The composite powder rubber that above method obtains be with mixed the crosslinking-type rubber latex of nucleator emulsion or solution or with the mixing behind the cross-linking radiation rubber latex of nucleator emulsion or solution obtain after drying, because used nucleator is a low molecular compound, so the influence to rubber particles in the rubber latex is very little, the particle diameter of the composite powder rubber that obtains after the drying and former latex particle diameter are basic identical, still keeping median size is 20~2000nm, be preferably 30~1500nm, more preferably 50~500nm.Because the particle diameter of composite powder rubber is very little, so the consistency quality of rubber and acrylic resin matrix is not too big to polypropene composition performance impact of the present invention.So the rubber phase kind of composite powder rubber of the present invention is not particularly limited, generally can be selected from least a in natural rubber, styrene-butadiene rubber(SBR), carboxylic styrene-butadiene rubber, paracril, carboxy nitrile rubber, polybutadiene rubber, chloroprene rubber, esters of acrylic acid rubber, vinylpyridiene-styrene-butadiene rubber, polyisoprene rubber, isoprene-isobutylene rubber, ethylene-propylene rubber(EPR), thiorubber, Acrylester Butadiene Rubber, urethanes or the viton.But in order to reach better modified effect, the rubber phase kind is preferably at least a in the natural rubber good with the acrylic resin consistency, styrene-butadiene rubber(SBR), the divinyl rubber.

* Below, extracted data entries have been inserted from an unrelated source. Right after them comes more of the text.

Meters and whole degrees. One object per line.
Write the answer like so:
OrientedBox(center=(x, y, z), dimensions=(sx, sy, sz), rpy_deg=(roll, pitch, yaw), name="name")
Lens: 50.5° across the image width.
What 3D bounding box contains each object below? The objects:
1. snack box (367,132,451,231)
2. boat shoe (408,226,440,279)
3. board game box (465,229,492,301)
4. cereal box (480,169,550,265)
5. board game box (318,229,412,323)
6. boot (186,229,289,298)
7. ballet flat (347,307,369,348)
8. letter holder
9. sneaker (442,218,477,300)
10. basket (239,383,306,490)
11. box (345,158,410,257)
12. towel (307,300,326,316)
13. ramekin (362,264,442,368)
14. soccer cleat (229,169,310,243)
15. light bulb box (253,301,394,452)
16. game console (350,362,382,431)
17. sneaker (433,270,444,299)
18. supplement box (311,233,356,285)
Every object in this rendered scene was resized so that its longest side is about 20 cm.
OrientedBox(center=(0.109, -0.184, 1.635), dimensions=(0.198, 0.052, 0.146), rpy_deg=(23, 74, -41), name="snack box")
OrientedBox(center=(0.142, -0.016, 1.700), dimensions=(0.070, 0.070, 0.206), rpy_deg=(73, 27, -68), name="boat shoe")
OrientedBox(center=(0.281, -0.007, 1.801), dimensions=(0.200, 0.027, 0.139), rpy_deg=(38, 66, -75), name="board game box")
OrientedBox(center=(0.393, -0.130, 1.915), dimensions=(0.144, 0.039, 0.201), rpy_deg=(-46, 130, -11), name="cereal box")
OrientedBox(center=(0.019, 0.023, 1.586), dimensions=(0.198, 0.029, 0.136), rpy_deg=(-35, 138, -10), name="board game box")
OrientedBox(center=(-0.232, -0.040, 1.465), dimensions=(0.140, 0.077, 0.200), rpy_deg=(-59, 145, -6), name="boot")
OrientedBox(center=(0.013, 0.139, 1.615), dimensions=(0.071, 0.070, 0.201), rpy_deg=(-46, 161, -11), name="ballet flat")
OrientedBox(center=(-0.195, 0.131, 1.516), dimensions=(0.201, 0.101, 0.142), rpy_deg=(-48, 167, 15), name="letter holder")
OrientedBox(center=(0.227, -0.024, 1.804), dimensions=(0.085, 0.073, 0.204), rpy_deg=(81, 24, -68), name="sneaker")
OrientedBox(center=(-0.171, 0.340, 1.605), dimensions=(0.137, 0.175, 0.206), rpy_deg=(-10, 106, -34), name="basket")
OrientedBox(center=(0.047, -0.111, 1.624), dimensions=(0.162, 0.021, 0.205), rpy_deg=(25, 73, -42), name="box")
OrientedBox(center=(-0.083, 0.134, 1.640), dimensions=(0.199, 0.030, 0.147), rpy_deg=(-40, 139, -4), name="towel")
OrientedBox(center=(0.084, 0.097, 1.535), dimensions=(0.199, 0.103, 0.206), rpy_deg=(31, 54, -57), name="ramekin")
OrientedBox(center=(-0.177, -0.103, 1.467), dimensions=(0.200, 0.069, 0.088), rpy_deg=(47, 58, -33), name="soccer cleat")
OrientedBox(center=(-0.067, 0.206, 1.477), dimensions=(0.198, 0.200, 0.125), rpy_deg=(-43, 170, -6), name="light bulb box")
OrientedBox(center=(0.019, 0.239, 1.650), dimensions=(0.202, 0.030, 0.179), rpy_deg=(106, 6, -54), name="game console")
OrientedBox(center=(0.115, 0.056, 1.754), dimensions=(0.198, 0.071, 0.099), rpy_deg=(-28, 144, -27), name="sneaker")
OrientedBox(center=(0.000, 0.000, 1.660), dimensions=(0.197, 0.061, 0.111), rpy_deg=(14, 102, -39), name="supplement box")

The gel content of rubber phase is 60% weight or higher in the above-described composite powder rubber, preferred 75% weight or higher.The weight ratio of rubber phase and nucleator is 99: 1~10: 90 in the described composite powder rubber, is preferably 95: 5~20: 80, more preferably 90: 10~20: 80.
Composite powder rubber in the above-described polypropene composition of the present invention, in the composition that itself and acrylic resin blend obtain, composite powder rubber and nucleator are dispersed in the acrylic resin, because the existence of powdered rubber disperses nucleator in polypropylene matrix more even, powdered rubber and nucleator can produce certain synergistic effect, obtain nucleator effect preferably, polyacrylic rigidity, toughness and heat-drawn wire are improved simultaneously, are better than the effect of the nucleator of independent use.

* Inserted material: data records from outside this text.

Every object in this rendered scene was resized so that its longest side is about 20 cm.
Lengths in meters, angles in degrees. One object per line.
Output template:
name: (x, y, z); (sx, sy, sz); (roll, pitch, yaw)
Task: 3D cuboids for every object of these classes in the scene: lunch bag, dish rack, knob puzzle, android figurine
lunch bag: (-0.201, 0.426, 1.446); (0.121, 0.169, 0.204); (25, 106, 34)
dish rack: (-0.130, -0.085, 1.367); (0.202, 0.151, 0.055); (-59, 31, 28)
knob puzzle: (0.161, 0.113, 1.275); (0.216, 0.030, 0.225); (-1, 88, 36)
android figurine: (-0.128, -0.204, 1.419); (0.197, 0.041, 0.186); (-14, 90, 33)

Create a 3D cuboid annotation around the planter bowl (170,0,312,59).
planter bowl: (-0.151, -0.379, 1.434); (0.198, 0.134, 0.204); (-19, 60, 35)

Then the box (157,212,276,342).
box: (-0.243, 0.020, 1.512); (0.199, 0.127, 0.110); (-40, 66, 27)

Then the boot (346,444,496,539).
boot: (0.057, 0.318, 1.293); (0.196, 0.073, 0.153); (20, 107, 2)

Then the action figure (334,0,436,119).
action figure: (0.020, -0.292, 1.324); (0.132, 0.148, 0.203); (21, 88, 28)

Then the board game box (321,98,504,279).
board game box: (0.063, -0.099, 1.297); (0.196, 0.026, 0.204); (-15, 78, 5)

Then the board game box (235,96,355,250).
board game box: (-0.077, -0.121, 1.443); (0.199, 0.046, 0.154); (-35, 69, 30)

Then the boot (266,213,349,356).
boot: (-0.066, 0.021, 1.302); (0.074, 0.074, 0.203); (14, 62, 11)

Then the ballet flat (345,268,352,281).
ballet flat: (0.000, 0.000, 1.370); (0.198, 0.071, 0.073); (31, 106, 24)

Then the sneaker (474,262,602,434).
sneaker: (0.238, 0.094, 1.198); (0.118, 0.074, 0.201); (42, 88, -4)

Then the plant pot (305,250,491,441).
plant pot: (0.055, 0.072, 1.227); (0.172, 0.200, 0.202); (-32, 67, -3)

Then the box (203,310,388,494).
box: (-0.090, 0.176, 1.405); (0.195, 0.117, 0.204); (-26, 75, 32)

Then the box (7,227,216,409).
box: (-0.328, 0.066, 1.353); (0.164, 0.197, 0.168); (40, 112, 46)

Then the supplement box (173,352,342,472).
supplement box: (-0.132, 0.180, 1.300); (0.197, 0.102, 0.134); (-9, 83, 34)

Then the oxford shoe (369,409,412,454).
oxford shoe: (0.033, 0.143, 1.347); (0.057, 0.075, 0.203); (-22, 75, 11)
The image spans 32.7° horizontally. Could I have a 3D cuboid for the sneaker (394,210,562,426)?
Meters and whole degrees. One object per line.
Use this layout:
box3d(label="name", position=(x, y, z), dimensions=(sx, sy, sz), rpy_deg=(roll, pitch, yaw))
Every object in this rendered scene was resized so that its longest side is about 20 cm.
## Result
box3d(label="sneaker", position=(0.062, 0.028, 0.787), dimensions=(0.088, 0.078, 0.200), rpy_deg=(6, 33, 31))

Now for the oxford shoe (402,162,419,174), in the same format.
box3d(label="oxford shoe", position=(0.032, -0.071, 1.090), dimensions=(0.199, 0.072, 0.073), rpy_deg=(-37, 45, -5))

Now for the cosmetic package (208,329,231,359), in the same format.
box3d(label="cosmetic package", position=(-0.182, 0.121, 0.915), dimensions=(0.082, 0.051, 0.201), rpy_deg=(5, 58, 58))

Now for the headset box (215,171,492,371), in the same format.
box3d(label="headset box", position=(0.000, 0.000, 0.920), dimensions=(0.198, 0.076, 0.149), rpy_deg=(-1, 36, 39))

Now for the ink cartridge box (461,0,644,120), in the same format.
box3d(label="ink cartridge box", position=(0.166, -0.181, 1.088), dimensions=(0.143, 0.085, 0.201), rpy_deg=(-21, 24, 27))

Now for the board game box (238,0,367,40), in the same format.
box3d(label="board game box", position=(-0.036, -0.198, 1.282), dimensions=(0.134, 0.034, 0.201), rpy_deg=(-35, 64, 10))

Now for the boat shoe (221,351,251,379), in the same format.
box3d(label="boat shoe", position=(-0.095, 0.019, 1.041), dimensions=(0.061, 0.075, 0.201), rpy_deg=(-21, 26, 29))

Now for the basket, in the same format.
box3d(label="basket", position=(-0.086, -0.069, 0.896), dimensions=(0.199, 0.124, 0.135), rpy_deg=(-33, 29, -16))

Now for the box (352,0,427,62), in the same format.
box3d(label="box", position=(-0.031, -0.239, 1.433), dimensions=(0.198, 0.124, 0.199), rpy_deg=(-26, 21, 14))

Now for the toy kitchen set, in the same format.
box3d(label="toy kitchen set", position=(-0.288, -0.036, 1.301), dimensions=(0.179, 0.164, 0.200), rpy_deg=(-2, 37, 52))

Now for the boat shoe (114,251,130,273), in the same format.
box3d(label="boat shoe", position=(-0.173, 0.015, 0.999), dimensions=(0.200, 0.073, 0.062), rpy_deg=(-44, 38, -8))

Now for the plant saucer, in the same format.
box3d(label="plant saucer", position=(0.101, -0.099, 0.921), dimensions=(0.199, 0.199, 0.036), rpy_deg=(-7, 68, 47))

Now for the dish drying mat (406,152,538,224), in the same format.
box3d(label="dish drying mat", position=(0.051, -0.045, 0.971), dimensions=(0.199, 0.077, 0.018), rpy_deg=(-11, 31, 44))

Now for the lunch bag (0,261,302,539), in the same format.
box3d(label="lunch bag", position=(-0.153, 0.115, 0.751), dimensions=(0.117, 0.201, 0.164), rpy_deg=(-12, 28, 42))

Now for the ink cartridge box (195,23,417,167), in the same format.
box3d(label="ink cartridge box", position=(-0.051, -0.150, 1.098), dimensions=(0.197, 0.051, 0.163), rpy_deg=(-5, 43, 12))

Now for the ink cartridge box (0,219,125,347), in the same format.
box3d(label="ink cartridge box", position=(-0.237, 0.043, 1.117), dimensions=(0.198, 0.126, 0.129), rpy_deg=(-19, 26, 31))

Can also include some auxiliary agents commonly used in the polypropylene course of processing in the composition of polypropene composition of the present invention, consumption is conventional amount used, or adjusts according to practical requirements.
The preparation method of modified poly propylene composition of the present invention comprises that the component that will include described acrylic resin and described composite powder rubber according to the step of described content by melt blending, makes described polypropene composition.Normally all components is mixed earlier, carry out melt blending then.

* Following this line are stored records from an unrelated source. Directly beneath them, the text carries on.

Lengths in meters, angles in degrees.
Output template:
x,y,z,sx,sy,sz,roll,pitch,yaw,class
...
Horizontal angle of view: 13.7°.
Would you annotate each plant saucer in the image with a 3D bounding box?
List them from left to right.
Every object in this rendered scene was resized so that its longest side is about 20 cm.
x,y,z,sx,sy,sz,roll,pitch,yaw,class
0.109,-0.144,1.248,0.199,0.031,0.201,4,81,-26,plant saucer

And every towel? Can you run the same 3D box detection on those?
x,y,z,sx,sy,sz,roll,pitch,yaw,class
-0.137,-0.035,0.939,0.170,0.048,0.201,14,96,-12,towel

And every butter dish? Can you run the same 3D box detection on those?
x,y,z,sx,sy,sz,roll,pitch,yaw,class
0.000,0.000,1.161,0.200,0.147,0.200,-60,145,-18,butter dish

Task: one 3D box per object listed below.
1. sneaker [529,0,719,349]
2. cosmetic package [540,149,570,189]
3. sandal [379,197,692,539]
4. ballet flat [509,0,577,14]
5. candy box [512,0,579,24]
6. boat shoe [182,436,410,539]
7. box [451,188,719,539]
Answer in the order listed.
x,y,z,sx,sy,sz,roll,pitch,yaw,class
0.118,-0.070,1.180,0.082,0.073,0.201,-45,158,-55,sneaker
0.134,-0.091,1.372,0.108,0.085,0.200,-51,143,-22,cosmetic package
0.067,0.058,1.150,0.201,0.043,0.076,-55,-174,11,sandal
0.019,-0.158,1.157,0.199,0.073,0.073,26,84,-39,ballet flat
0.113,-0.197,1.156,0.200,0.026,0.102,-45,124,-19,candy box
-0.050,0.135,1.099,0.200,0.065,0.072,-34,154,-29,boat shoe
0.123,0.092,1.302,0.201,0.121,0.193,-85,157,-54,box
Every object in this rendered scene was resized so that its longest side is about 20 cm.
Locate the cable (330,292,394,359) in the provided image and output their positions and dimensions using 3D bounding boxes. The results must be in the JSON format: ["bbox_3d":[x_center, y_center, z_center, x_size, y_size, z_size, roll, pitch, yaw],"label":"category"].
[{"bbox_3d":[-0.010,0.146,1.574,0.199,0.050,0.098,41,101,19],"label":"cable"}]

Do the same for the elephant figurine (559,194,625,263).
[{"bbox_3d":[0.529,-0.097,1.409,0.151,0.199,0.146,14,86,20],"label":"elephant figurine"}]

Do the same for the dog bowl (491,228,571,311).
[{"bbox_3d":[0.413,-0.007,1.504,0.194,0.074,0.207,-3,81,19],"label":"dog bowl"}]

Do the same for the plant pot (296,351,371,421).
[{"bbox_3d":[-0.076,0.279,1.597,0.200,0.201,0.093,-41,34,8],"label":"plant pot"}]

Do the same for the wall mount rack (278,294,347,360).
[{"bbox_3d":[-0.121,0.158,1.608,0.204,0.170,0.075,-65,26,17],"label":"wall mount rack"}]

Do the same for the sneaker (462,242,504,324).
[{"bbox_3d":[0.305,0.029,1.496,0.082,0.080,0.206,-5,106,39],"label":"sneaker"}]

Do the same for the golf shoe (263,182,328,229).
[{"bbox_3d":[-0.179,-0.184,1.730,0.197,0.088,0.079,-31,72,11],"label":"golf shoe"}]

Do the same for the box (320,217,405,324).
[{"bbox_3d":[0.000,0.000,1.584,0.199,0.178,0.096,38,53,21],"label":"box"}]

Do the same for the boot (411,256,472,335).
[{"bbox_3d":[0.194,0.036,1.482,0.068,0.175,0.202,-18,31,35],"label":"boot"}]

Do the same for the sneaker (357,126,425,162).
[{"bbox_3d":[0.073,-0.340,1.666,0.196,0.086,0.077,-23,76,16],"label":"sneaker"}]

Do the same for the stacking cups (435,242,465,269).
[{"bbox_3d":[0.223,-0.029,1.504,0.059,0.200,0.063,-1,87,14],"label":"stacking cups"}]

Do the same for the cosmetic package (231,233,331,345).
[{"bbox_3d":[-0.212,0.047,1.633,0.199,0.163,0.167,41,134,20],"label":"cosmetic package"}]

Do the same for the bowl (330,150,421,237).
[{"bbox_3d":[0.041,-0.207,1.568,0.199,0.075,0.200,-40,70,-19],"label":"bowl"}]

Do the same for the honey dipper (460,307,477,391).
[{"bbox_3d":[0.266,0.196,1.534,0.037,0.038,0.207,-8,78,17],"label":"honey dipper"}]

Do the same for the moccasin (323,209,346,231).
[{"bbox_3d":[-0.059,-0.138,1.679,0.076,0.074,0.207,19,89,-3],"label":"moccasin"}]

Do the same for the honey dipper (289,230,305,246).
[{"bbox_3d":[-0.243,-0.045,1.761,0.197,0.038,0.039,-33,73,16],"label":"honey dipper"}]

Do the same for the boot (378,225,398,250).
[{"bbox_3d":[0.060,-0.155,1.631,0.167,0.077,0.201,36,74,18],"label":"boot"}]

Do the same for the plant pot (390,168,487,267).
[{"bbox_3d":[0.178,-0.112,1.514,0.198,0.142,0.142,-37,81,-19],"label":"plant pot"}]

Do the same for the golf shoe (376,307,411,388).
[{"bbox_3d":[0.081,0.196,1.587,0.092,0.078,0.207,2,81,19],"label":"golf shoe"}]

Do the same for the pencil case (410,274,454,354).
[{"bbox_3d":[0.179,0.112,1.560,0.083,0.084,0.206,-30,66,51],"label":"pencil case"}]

In the preparation process of polypropene composition of the present invention, material melt blending temperature is used blending temperature in the common polypropylene processing, can decide according to the polypropylene fusion temperature, should select not only guaranteeing the complete fusion of polypropylene matrix plastics but also can not make in the scope of its decomposition, be generally 160 ℃~240 ℃.In addition, according to the processing needs, can add some auxiliary agents commonly used in the polypropylene course of processing in right amount in the blend material, consumption is conventional amount used, or adjusts according to practical requirements.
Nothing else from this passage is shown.